今でも多くの人が、スマートウォッチやスマートバンドなど、なんらかの形で運動を記録しているものと思う。機能的にも成熟してきているが、以前よりはこの路線は下火になっているように思える。

まだ機能的に珍しかった頃は、同じサービスを利用している誰かと記録を比べたり競争したりして、モチベーションを上げるといった機能も提供された。だが常に競争にさらされ、勝ち続けるのは容易なことではない。そもそもそこまでガッツがあるなら、肥満にはなっていないはずなのだ。こうした機能は、いわゆる「運動ガチ勢」が席巻し、「ちょっと運動が必要ですねー」と健康診断で注意されるぐらいのユーザーには、つらいだけの機能となった。

 つまりデジタルヘルスケアではもう差別化はできなくなったし、多くの人はそこに興味がなくなってきた。ここ最近のスマートウォッチの評価軸は、Suica対応か否かに絞られてきている感がある。改札を通る際やちょっとした買い物にいちいちスマホを出すのが面倒だ、というニーズがあるのだろう。

 だがこの機能の恩恵を受けるのは、通勤や移動が多い都市部の一部のユーザーだけである。全員フルリモートで会社にはあんまり行かないようなIT系職種の人と、スマートウォッチは親和性が高いわけだが、それではニーズとユーザー層がかみ合わない。また地方ではそもそも電車もバスも乗らないし、コンビニ決済はバーコード式の圧勝なので、筆者のSuicaの利用履歴は8月に東京出張して以来、ゼロである。

 加えて大手ではLTE対応モデルも拡充してきているが、その意義も問われてきているところだ。Wi-Fiモデルと違い、スマートフォンを持ち歩かなくても単体で電話の応答ができるといったメリットがあるが、今どきそんなに電話回線経由で着信があるのか、という疑問もある。今や通話はLINEやメッセンジャーが主体だし、外出先でいきなりスピーカー通話になっても困る。そもそもそんなに着信頻度の高い人であれば、スマホ本体がないと不便だろう。Bluetoothヘッドセットを耳に突っ込みっぱなしで仕事、というスタイルになっているはずだ。

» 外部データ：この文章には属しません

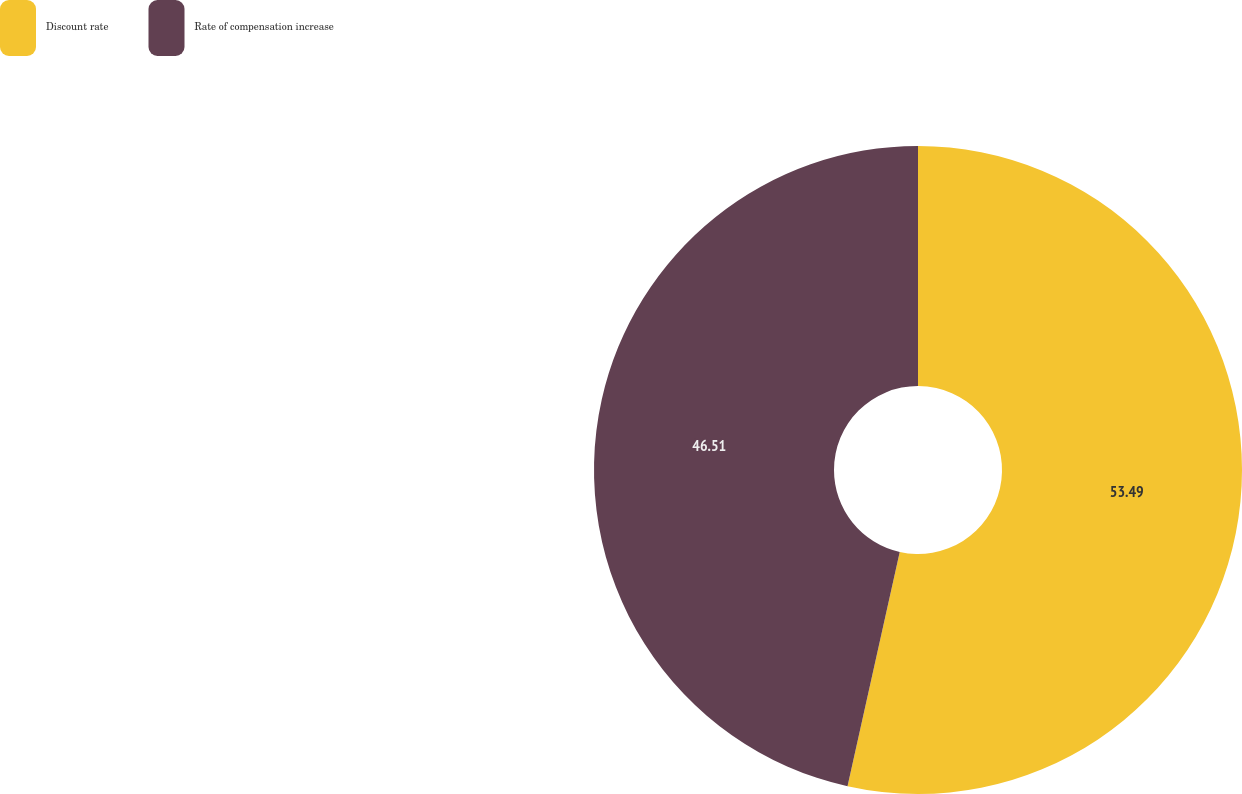Convert chart to OTSL. <chart><loc_0><loc_0><loc_500><loc_500><pie_chart><fcel>Discount rate<fcel>Rate of compensation increase<nl><fcel>53.49%<fcel>46.51%<nl></chart> 
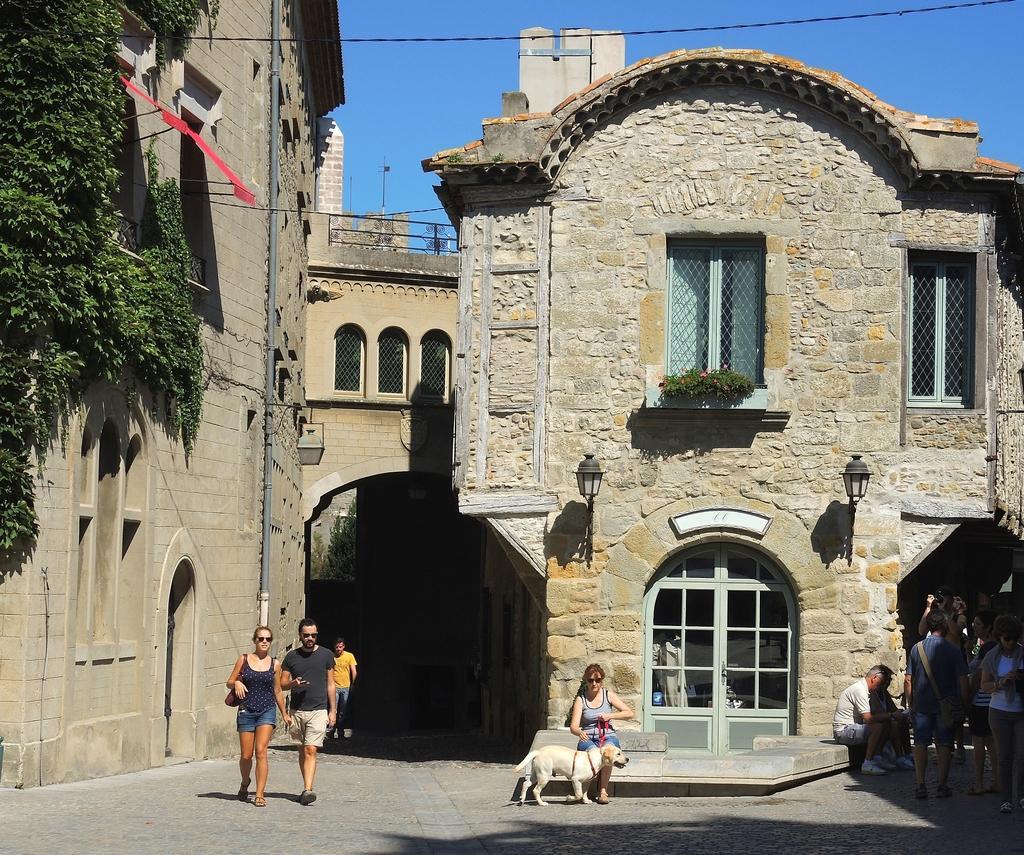How would you summarize this image in a sentence or two? In this picture I can see group of people standing and there is a woman sitting and holding the belt of a dog. There are buildings, plants, lights, and in the background there is the sky.

 運動の記録であれば、Wi-Fiモデルではスマホ本体がなくても記録はできる。スマホが近くに来たときにそのデータをスマホ側に同期する構造になっているので、運動中はスマホ邪魔ですよね、という話はすでに解決済みなのである。第一、そんなにスマホを持ち歩くのが大嫌いという人がスマートウォッチなんか買うか、という矛盾が解決していない。LTE対応がどうしても必要というシナリオが、見つけられていない。